Katha: An insanely difficult question for women these days. But I would answer: There is no such thing. I'm glad that it always worked for me without thinking too much. Once I was 23 and a student, once I was 37, already a mother of three and fully employed and I still don't know the answer …
WOMAN: Have you ever been afraid that the children would prevent you from advancing your career?
Katha: In my early twenties, I actually never asked myself this question. It's different now. With the little one who was born last year, I was already thinking about whether I could combine the baby with a job and a career. But my husband and I are very flexible here because we can divide up our working hours. Normal employees naturally need a lot of understanding from their employers, this applies to both father and mother. If the child is sick, if there is an emergency, you just have to be able to pick up a child spontaneously. In our company, that's not a problem, that's the advantage.

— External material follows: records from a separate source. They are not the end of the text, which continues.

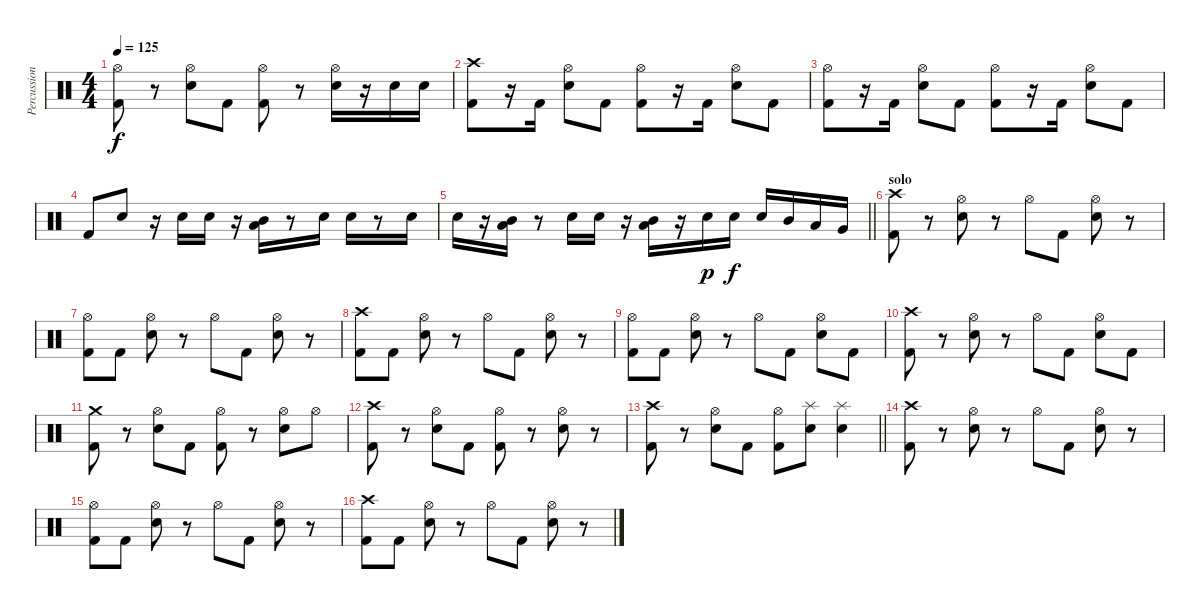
\track ("Percussion" "Percussion") {instrument percussion}
\staff {score}
\articulation defaults
\ts (4 4)
\tempo 125
\clef neutral
\ks c
("Hi-Hat (open)" "Kick (hit) 2").8{dy f} r.8 ("Hi-Hat (open)" "Snare (hit) 2").8 "Kick (hit) 2".8 ("Hi-Hat (open)" "Kick (hit) 2").8 r.8 ("Hi-Hat (open)" "Snare (hit) 2").16 r.16 "Snare (hit) 2".16 "Snare (hit) 2".16 |
("Crash high (hit)" "Kick (hit) 2").8 r.16 "Kick (hit) 2".16 ("Hi-Hat (open)" "Snare (hit) 2").8 "Kick (hit) 2".8 ("Hi-Hat (open)" "Kick (hit) 2").8 r.16 "Kick (hit) 2".16 ("Hi-Hat (open)" "Snare (hit) 2").8 "Kick (hit) 2".8 |
("Hi-Hat (open)" "Kick (hit) 2").8 r.16 "Kick (hit) 2".16 ("Hi-Hat (open)" "Snare (hit) 2").8 "Kick (hit) 2".8 ("Hi-Hat (open)" "Kick (hit) 2").8 r.16 "Kick (hit) 2".16 ("Hi-Hat (open)" "Snare (hit) 2").8 "Kick (hit) 2".8 |
"Kick (hit) 2".8 "Snare (hit) 2".8 r.16 "Snare (hit) 2".16 "Snare (hit) 2".16 r.16 ("Mid Tom (hit)" "Low Tom (hit)").16 r.8 "Snare (hit) 2".16 "Snare (hit) 2".16 r.8 "Snare (hit) 2".16 |
\barLineRight lightlight "Snare (hit) 2".16
r.16 ("Mid Tom (hit)" "Low Tom (hit)").16 r.8 "Snare (hit) 2".16 "Snare (hit) 2".16 r.16 ("Mid Tom (hit)" "Low Tom (hit)").16 r.16 "Snare (hit) 2".16{dy p} "Snare (hit) 2".16{dy f} "Snare (hit) 2".16 "Mid Tom (hit)".16 "Low Tom (hit)".16 "Very Low Tom (hit)".16 |
\section ("" "solo")
("Crash high (hit)" "Kick (hit) 2").8 r.8 ("Hi-Hat (open)" "Snare (hit) 2").8 r.8 "Hi-Hat (open)".8 "Kick (hit) 2".8 ("Hi-Hat (open)" "Snare (hit) 2").8 r.8 |
("Hi-Hat (open)" "Kick (hit) 2").8 "Kick (hit) 2".8 ("Hi-Hat (open)" "Snare (hit) 2").8 r.8 "Hi-Hat (open)".8 "Kick (hit) 2".8 ("Hi-Hat (open)" "Snare (hit) 2").8 r.8 |
("Crash high (hit)" "Kick (hit) 2").8 "Kick (hit) 2".8 ("Hi-Hat (open)" "Snare (hit) 2").8 r.8 "Hi-Hat (open)".8 "Kick (hit) 2".8 ("Hi-Hat (open)" "Snare (hit) 2").8 r.8 |
("Hi-Hat (open)" "Kick (hit) 2").8 "Kick (hit) 2".8 ("Hi-Hat (open)" "Snare (hit) 2").8 r.8 "Hi-Hat (open)".8 "Kick (hit) 2".8 ("Hi-Hat (open)" "Snare (hit) 2").8 "Kick (hit) 2".8 |
("Crash high (hit)" "Kick (hit) 2").8 r.8 ("Hi-Hat (open)" "Snare (hit) 2").8 r.8 "Hi-Hat (open)".8 "Kick (hit) 2".8 ("Hi-Hat (open)" "Snare (hit) 2").8 "Kick (hit) 2".8 |
("Crash medium (hit)" "Kick (hit) 2").8 r.8 ("Hi-Hat (open)" "Snare (hit) 2").8 "Kick (hit) 2".8 ("Hi-Hat (open)" "Kick (hit) 2").8 r.8 ("Hi-Hat (open)" "Snare (hit) 2").8 "Hi-Hat (open)".8 |
("Crash high (hit)" "Kick (hit) 2").8 r.8 ("Hi-Hat (open)" "Snare (hit) 2").8 "Kick (hit) 2".8 ("Hi-Hat (open)" "Kick (hit) 2").8 r.8 ("Hi-Hat (open)" "Snare (hit) 2").8 r.8 |
\barLineRight lightlight
("Crash high (hit)" "Kick (hit) 2").8 r.8 ("Hi-Hat (open)" "Snare (hit) 2").8 "Kick (hit) 2".8 ("Hi-Hat (open)" "Kick (hit) 2").8 ("Splash (hit)" "Snare (hit) 2").8 ("Splash (hit)" "Snare (hit) 2").4 |
("Crash high (hit)" "Kick (hit) 2").8 r.8 ("Hi-Hat (open)" "Snare (hit) 2").8 r.8 "Hi-Hat (open)".8 "Kick (hit) 2".8 ("Hi-Hat (open)" "Snare (hit) 2").8 r.8 |
("Hi-Hat (open)" "Kick (hit) 2").8 "Kick (hit) 2".8 ("Hi-Hat (open)" "Snare (hit) 2").8 r.8 "Hi-Hat (open)".8 "Kick (hit) 2".8 ("Hi-Hat (open)" "Snare (hit) 2").8 r.8 |
("Crash high (hit)" "Kick (hit) 2").8 "Kick (hit) 2".8 ("Hi-Hat (open)" "Snare (hit) 2").8 r.8 "Hi-Hat (open)".8 "Kick (hit) 2".8 ("Hi-Hat (open)" "Snare (hit) 2").8 r.8
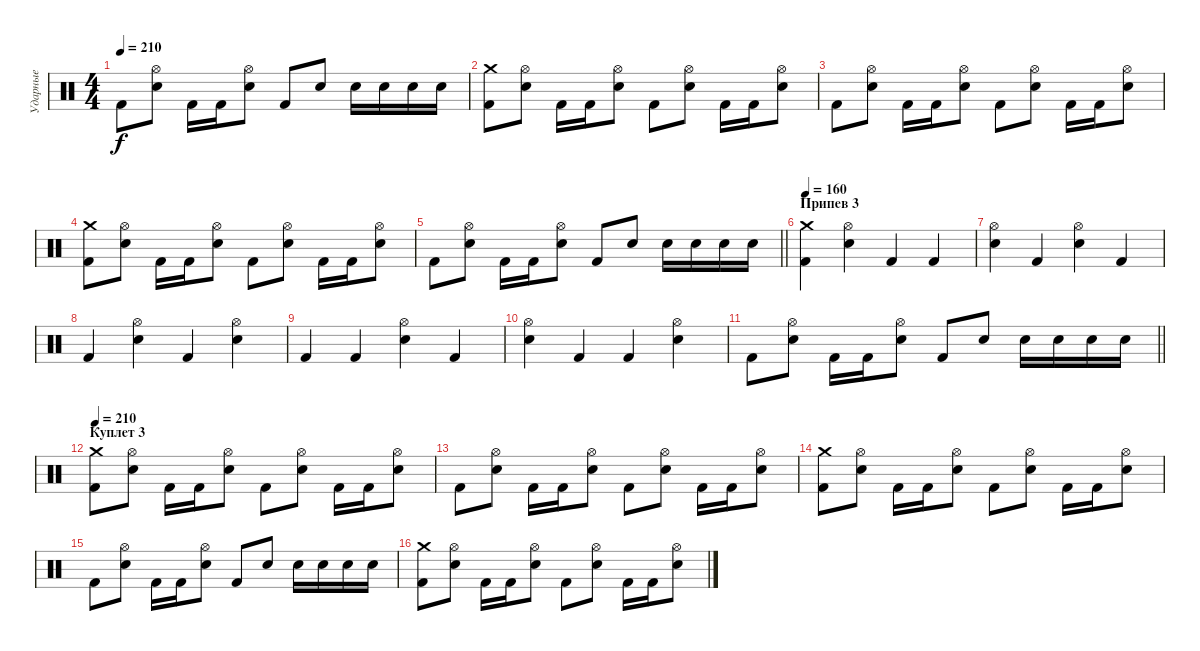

»EVERY mother is overwhelmed. Whether she has one child or four."
WOMAN: Looking back, would you do anything differently?
Katha: That's a good question … Maybe this time I would seek and accept help sooner. Always say “I can do it myself” and you don't have to fight. Whether this is the friend who comes by and you cry at her or if you only have a short phone call, that is often help enough for a mother. It is important to build a network. Discuss with other mothers who will pick up the children or who will look after them. And one thing can be believed me: EVERY mother is overwhelmed. Whether she has one child or four.

WOMAN: What kind of support would you like from the state?
Katha: After the parental leave period, the topic of childcare begins. I know from us and from other families that this topic causes pressure and problems again and again. Why? Because the opening times of the daycare centers are ridiculous. An after-school care center that closes at 5.30 p.m. (and that is at the latest) is out of the question for parents who have to work longer. In addition, it is really difficult to find childcare facilities for children under 3 years of age. As soon as you are pregnant you can start looking and have to register in order to get a place at all. But that's even easier in Vienna than in the country. Basically, I am an advocate of all-day care and school, because that way, more "quality time" stays at home. Then I don't have to study with my children in the evening, but can do things that we enjoy. That would be desirable!
WOMAN: In summary: What framework conditions have to be created so that one can combine child and career?
Katha: First and foremost, it is the financial framework that enables me to have someone look after my child. Be it a kindergarten that is open longer or a nanny who supports me. The network of friends and other parents is also essential. It is important that you never compare yourself to other mothers and allow yourself to be put under pressure. Nobody is perfect. Whoever says it's easy is lying!